By the time we got to hospital he had a quiet acceptance about what was going to happen. He was apologetic to everyone for what he had done and how he behaved. I'm sure in the coming days he will be dipping back into anger and depression, and only once he's had his day in court and learns to live with the consequences of his actions, will he truly accept what has happened. It's easy to point the finger and equally easy to find compassion for the guilty, but there are people who may never find the acceptance they need. These people are the victims of drink driving; the people behind the statistics, the people who will never forget the consequences of someone's stupidity.

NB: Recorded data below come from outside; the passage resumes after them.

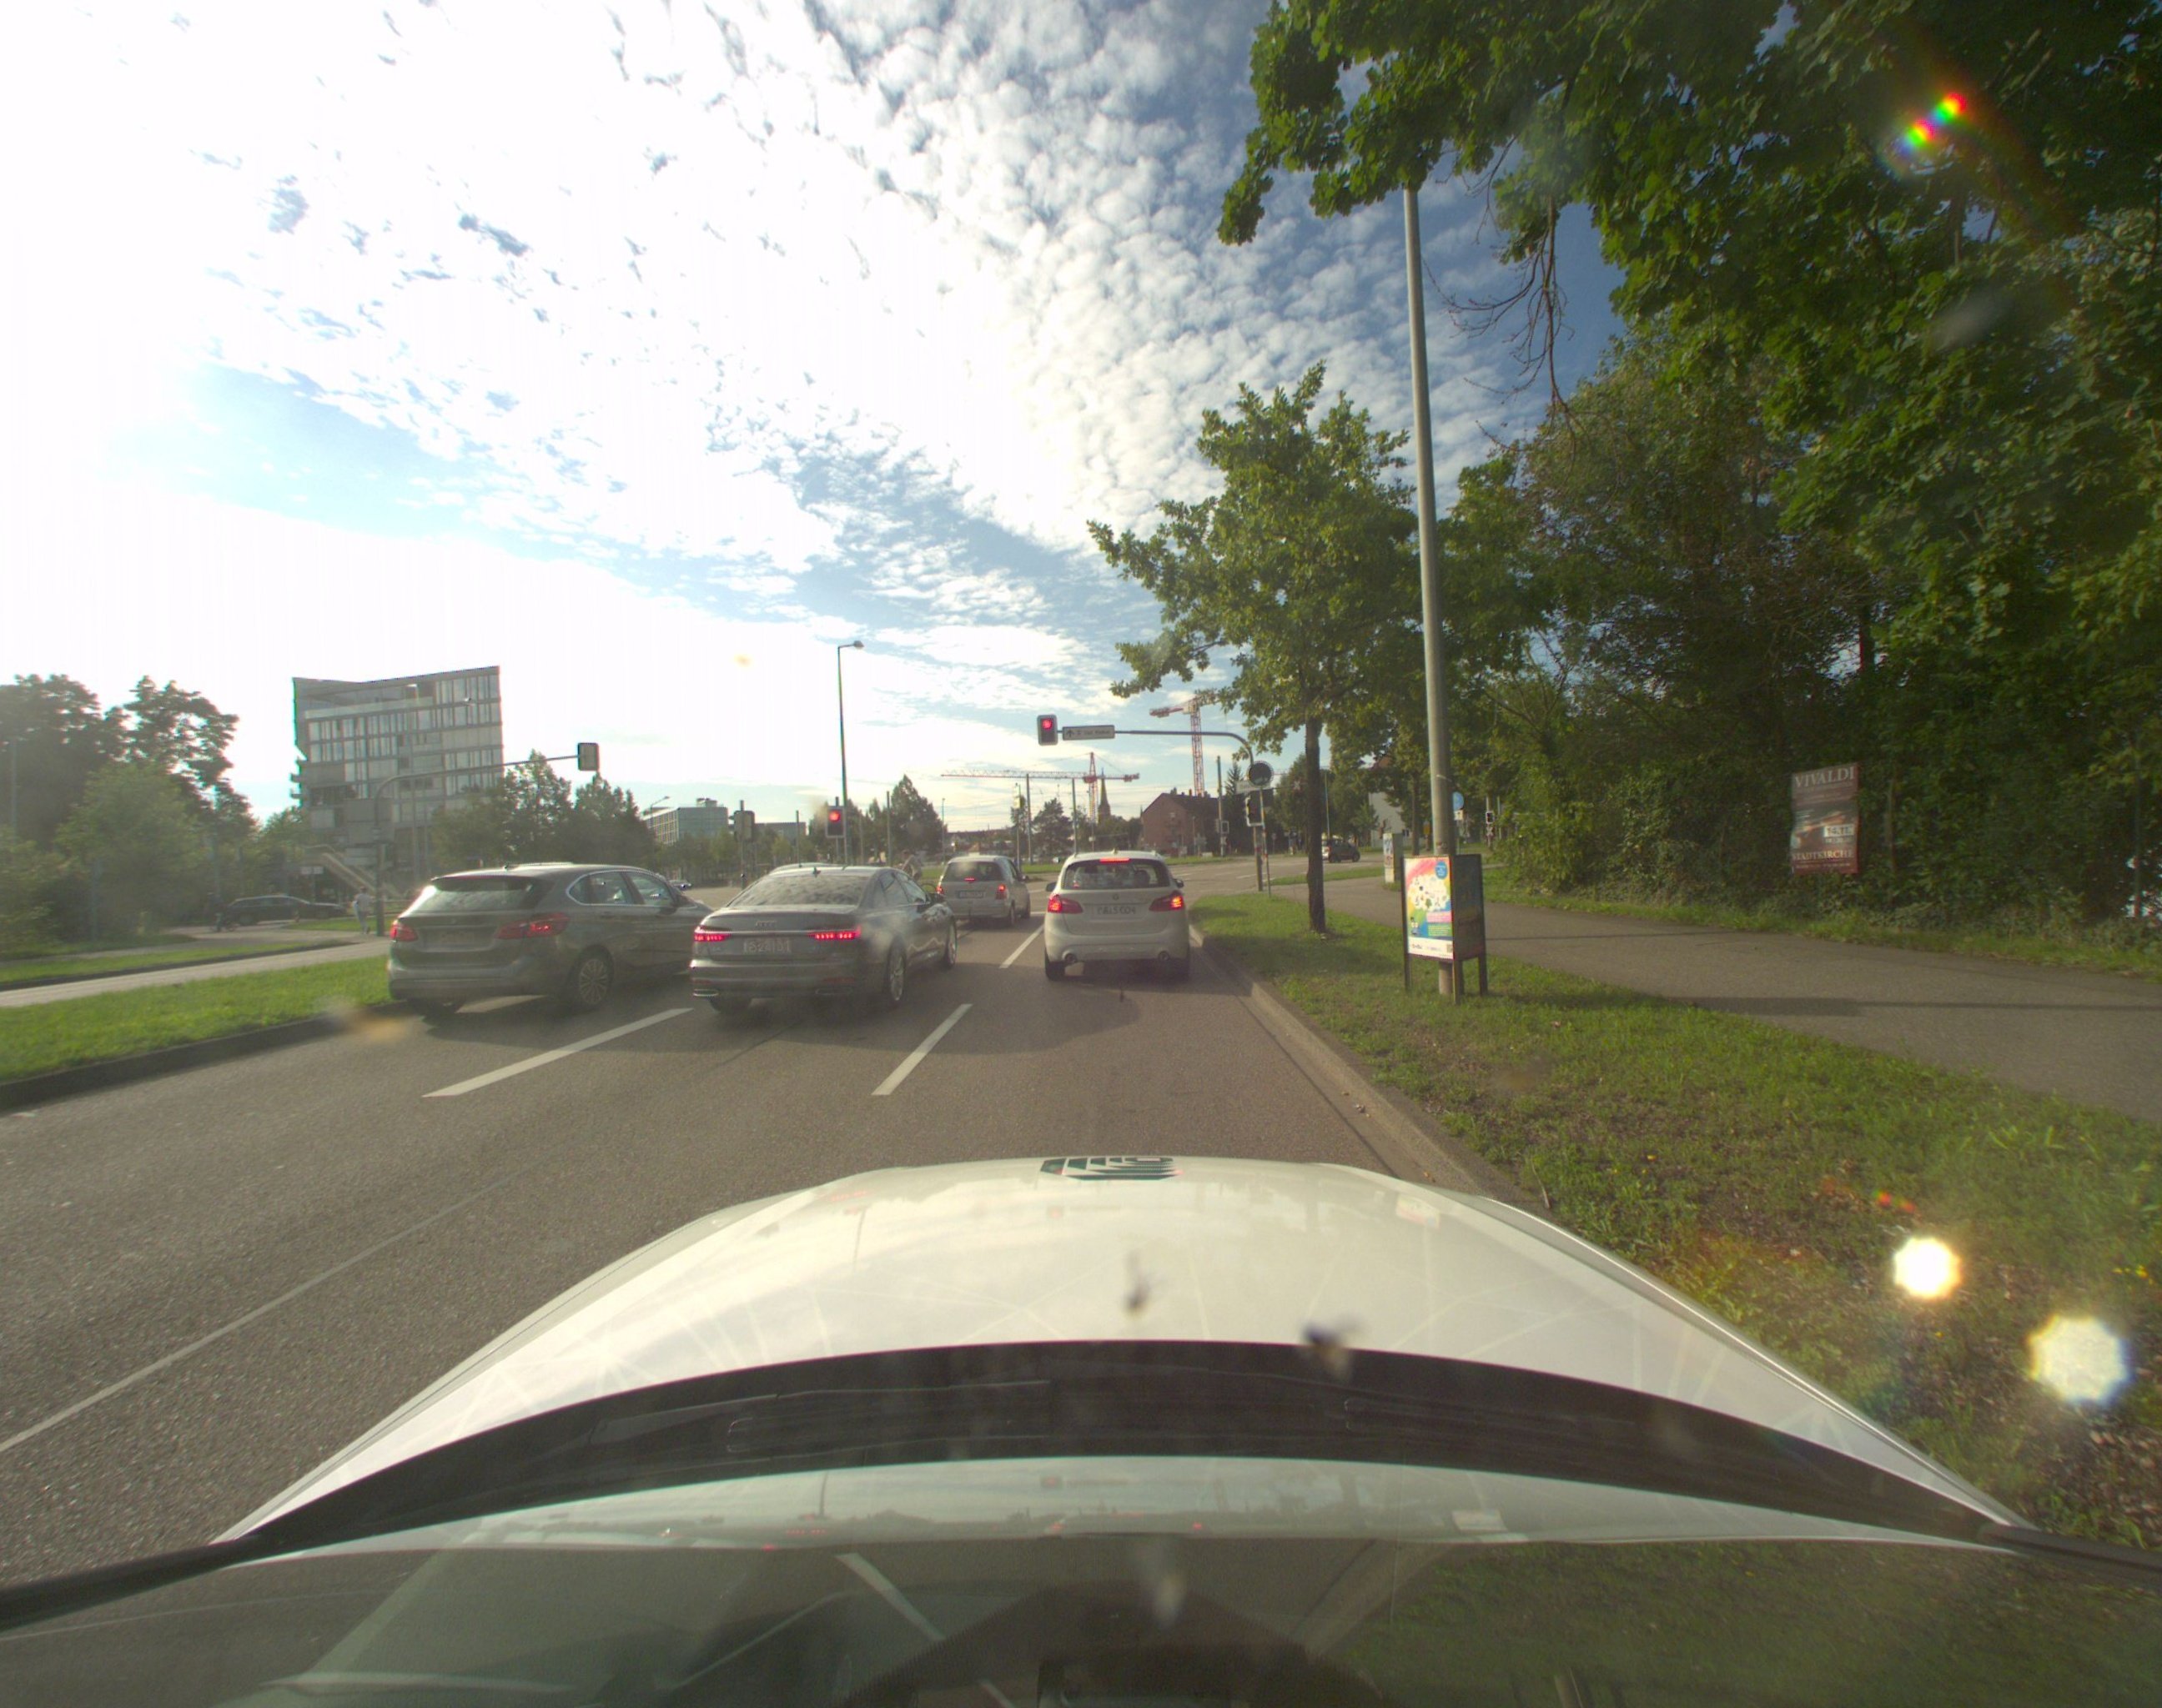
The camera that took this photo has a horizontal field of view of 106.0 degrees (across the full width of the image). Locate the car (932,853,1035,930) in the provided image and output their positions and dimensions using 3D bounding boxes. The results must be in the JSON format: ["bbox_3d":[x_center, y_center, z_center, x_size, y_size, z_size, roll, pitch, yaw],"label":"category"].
[{"bbox_3d":[-2.134,0.780,18.948,1.722,1.558,4.060,-1,0,2],"label":"car"}]

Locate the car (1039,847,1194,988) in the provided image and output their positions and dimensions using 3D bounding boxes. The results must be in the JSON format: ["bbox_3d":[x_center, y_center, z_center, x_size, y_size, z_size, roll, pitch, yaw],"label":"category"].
[{"bbox_3d":[0.464,0.724,11.311,1.723,1.558,4.059,-1,0,2],"label":"car"}]

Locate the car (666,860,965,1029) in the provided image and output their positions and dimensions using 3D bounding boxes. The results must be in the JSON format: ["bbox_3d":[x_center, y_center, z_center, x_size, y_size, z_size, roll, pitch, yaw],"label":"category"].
[{"bbox_3d":[-2.728,0.836,9.655,1.883,1.483,4.614,-1,-1,2],"label":"car"}]

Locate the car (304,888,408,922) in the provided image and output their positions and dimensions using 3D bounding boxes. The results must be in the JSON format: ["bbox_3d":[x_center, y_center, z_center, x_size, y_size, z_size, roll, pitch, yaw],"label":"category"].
[{"bbox_3d":[-39.714,2.750,44.726,3.945,1.551,1.743,-3,0,-30],"label":"car"}]

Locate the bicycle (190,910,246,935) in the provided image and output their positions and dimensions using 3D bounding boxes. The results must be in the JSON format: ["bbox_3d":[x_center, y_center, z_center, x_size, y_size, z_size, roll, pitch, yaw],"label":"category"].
[{"bbox_3d":[-38.359,3.046,36.204,1.670,0.967,0.643,-3,0,-4],"label":"bicycle"}]

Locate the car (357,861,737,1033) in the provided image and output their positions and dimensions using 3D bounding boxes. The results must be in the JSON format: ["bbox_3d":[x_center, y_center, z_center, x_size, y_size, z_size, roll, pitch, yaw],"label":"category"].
[{"bbox_3d":[-5.887,0.895,9.685,1.722,1.558,4.021,-2,0,2],"label":"car"}]

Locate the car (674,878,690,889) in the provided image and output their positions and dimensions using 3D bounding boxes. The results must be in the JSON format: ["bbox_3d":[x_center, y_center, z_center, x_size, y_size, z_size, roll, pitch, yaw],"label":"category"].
[{"bbox_3d":[-55.093,4.079,112.508,1.626,1.464,3.694,-3,0,-31],"label":"car"}]

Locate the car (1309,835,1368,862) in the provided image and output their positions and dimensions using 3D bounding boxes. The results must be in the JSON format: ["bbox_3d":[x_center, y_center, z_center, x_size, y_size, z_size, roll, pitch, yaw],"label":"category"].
[{"bbox_3d":[16.180,-0.353,51.257,3.196,1.574,1.566,-3,1,-17],"label":"car"}]

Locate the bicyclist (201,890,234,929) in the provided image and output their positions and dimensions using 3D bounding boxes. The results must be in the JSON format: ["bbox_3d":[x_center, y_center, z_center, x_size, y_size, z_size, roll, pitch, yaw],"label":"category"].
[{"bbox_3d":[-38.395,2.469,36.208,0.786,1.668,0.549,-3,-1,-4],"label":"bicyclist"}]

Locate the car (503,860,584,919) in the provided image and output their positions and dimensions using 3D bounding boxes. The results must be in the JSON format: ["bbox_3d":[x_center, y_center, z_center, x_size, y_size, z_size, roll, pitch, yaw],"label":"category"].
[{"bbox_3d":[-23.501,1.542,35.848,2.004,2.235,5.874,-4,0,-25],"label":"car"}]

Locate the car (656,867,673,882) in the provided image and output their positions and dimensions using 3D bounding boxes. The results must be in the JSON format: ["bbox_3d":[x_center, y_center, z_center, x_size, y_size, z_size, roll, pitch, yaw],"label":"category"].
[{"bbox_3d":[-48.714,2.392,95.274,1.600,1.415,3.638,-5,-2,-25],"label":"car"}]

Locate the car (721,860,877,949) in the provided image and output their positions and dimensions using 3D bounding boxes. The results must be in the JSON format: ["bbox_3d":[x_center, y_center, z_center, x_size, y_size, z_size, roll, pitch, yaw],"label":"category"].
[{"bbox_3d":[-5.482,0.917,16.359,1.674,1.523,3.811,-1,0,1],"label":"car"}]

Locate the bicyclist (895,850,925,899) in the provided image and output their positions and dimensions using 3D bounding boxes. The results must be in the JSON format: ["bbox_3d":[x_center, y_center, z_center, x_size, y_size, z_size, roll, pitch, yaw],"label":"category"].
[{"bbox_3d":[-5.532,0.663,26.303,0.850,1.526,0.737,-3,0,-15],"label":"bicyclist"}]

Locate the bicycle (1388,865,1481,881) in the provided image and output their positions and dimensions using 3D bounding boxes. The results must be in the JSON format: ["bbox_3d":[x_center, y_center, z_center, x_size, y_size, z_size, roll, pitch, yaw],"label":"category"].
[{"bbox_3d":[10.575,0.562,24.515,1.407,0.385,2.568,-3,0,-9],"label":"bicycle"}]

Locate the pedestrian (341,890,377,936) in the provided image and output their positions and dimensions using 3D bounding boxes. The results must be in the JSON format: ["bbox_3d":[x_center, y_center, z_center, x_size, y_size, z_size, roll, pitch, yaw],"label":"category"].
[{"bbox_3d":[-25.334,2.061,28.596,0.653,1.569,0.615,-3,-1,-3],"label":"pedestrian"}]

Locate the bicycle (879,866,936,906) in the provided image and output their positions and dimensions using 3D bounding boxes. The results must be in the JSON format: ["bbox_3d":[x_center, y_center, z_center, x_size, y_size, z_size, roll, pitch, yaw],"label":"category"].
[{"bbox_3d":[-5.597,1.033,26.271,1.728,1.163,0.652,-3,1,-15],"label":"bicycle"}]

  • On average 3,000 people are killed or seriously injured each year in drink drive collisions. 
  • Nearly one in six of all deaths on the road involve drivers who are over the legal alcohol limit. 
  • The latest figures show that some 590 people were killed in crashes in which a driver was over the legal limit; 2,350 were seriously injured and 14,050 were slightly injured in the last year.
  • Car crashes are the leading cause of death for teens and one out of three of those are alcohol related.

It doesn't matter if you have had one drink too many or 10. The results can be catastrophic. It doesn't matter if you drive whilst drinking or the morning after; the same risks apply and if you think you won't get caught, more than half a million breath tests are carried out each year and on average 100,000 are found to be positive. Don't take the risk. Don't drink. Don't become a statistic. That is all.